Hirose Masamichi, Carlson Mark D, Laurita Kenneth R
Heart & Vascular Research Center, Case Western Reserve University, Cleveland, Ohio 44109-1998, USA.
J Cardiovasc Electrophysiol. 2002 Sep;13(9):918-26. doi: 10.1046/j.1540-8167.2002.00918.x.
Increased vagal tone significantly enhances susceptibility to atrial fibrillation (AF); however, the cellular mechanisms responsible for vagally mediated AF are not completely understood.
In 12 isolated arterially perfused canine right atria, high-resolution optical mapping techniques were used to measure action potentials during control conditions, during intracardiac parasympathetic nerve stimulation (IPS; 30 to 50 Hz) as a surrogate for vagal stimulation, and during acetylcholine (ACh) infusion (10 to 30 microM). During steady-state pacing, action potential duration was shorter during ACh infusion (43 +/- 9 msec) than during IPS (78 +/- 7 msec, P < 0.001) or control (129 +/- 5 msec, P < 0.001). In contrast, repolarization gradients were larger during IPS (13 +/- 3 msec/mm) than during ACh infusion (3 +/- 1 msec/mm, P < 0.01) or control (5 +/- 1 msec/mm, P < 0.01). Transmural repolarization gradients were relatively small for each intervention tested. During ACh infusion, atrial tachyarrhythmia (AT) was easily initiated with a single premature stimulus and was associated with a focal pattern of activation (84%). AT also was easily initiated by a single premature stimulus during IPS; however, when repolarization gradients were large, patterns of conduction block and incomplete macroreentry were often observed (64%). Importantly, AT initiation during IPS was associated with focal activity (36%) when repolarization gradients were small.
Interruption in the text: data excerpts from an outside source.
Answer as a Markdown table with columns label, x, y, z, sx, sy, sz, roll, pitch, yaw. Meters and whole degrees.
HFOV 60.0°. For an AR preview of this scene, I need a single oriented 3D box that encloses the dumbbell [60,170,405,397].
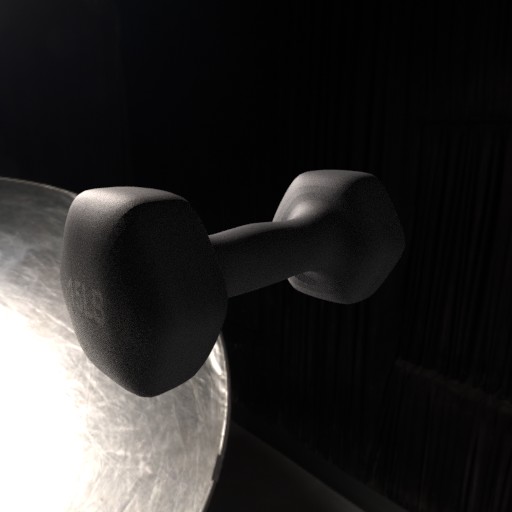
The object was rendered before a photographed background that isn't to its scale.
| label | x | y | z | sx | sy | sz | roll | pitch | yaw |
| --- | --- | --- | --- | --- | --- | --- | --- | --- | --- |
| dumbbell | 0.000 | 0.000 | 0.301 | 0.240 | 0.105 | 0.116 | -14 | 20 | -43 |
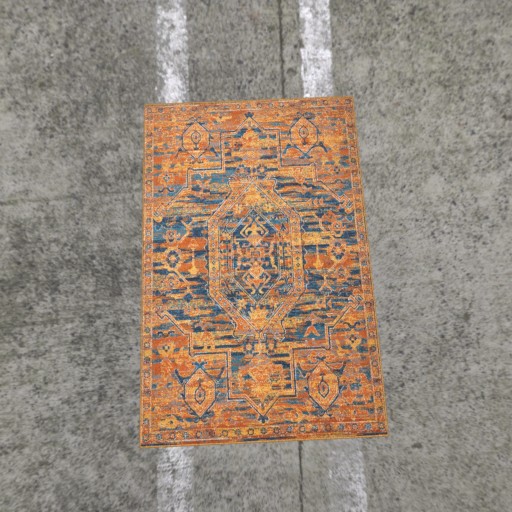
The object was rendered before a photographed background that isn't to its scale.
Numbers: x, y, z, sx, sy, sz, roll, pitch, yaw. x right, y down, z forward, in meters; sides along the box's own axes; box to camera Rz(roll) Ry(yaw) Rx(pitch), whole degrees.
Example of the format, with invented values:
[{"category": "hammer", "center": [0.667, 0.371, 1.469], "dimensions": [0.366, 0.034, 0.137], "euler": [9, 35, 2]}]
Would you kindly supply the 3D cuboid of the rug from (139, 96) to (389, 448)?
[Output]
[{"category": "rug", "center": [0.000, 0.000, 2.230], "dimensions": [1.148, 0.013, 1.758], "euler": [-3, 77, -1]}]
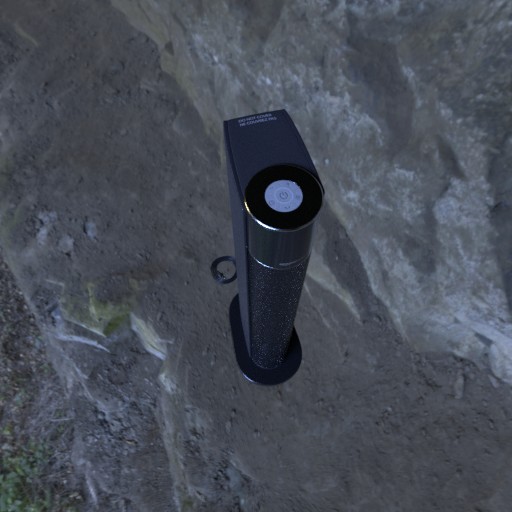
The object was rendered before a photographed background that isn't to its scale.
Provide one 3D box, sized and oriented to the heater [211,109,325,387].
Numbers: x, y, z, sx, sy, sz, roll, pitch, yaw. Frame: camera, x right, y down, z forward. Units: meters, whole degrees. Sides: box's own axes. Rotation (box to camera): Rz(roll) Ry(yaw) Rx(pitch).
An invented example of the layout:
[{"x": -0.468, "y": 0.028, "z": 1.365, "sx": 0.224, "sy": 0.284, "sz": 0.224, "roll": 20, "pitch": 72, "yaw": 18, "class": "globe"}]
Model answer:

In contrast to ACh infusion, IPS generally increased dispersion of repolarization and was often associated with patterns of conduction block and incomplete macroreentry, similar to that associated with in vivo cervical vagal stimulation. However, IPS also was associated with a focal pattern of initiation that was independent of local repolarization gradients. These results suggest that during vagal stimulation, AT initiation does not always depend on repolarization gradients.
迷走神经张力增加会显著增强心房颤动(AF)的易感性;然而,迷走神经介导的房颤的细胞机制尚未完全明确。
在12个离体动脉灌注犬右心房中,采用高分辨率光学标测技术,在对照条件下、心内副交感神经刺激(IPS;30至50Hz)作为迷走神经刺激的替代以及乙酰胆碱(ACh)输注(10至30μM)期间测量动作电位。在稳态起搏期间,ACh输注期间的动作电位持续时间(43±9毫秒)短于IPS期间(78±7毫秒,P<0.001)或对照期间(129±5毫秒,P<0.001)。相反,IPS期间的复极梯度(13±3毫秒/毫米)大于ACh输注期间(3±1毫秒/毫米,P<0.01)或对照期间(5±1毫秒/毫米,P<0.01)。每种测试干预的跨壁复极梯度相对较小。在ACh输注期间,单个早搏刺激很容易引发房性快速性心律失常(AT),并且与局灶性激动模式相关(84%)。在IPS期间,单个早搏刺激也很容易引发AT;然而,当复极梯度较大时,经常观察到传导阻滞和不完全大折返模式(64%)。重要的是,当复极梯度较小时,IPS期间的AT起始与局灶性活动相关(36%)。
与ACh输注相反,IPS通常会增加复极离散度,并且经常与传导阻滞和不完全大折返模式相关,类似于体内颈迷走神经刺激相关的模式。然而,IPS也与独立于局部复极梯度的局灶性起始模式相关。这些结果表明,在迷走神经刺激期间,AT起始并不总是依赖于复极梯度。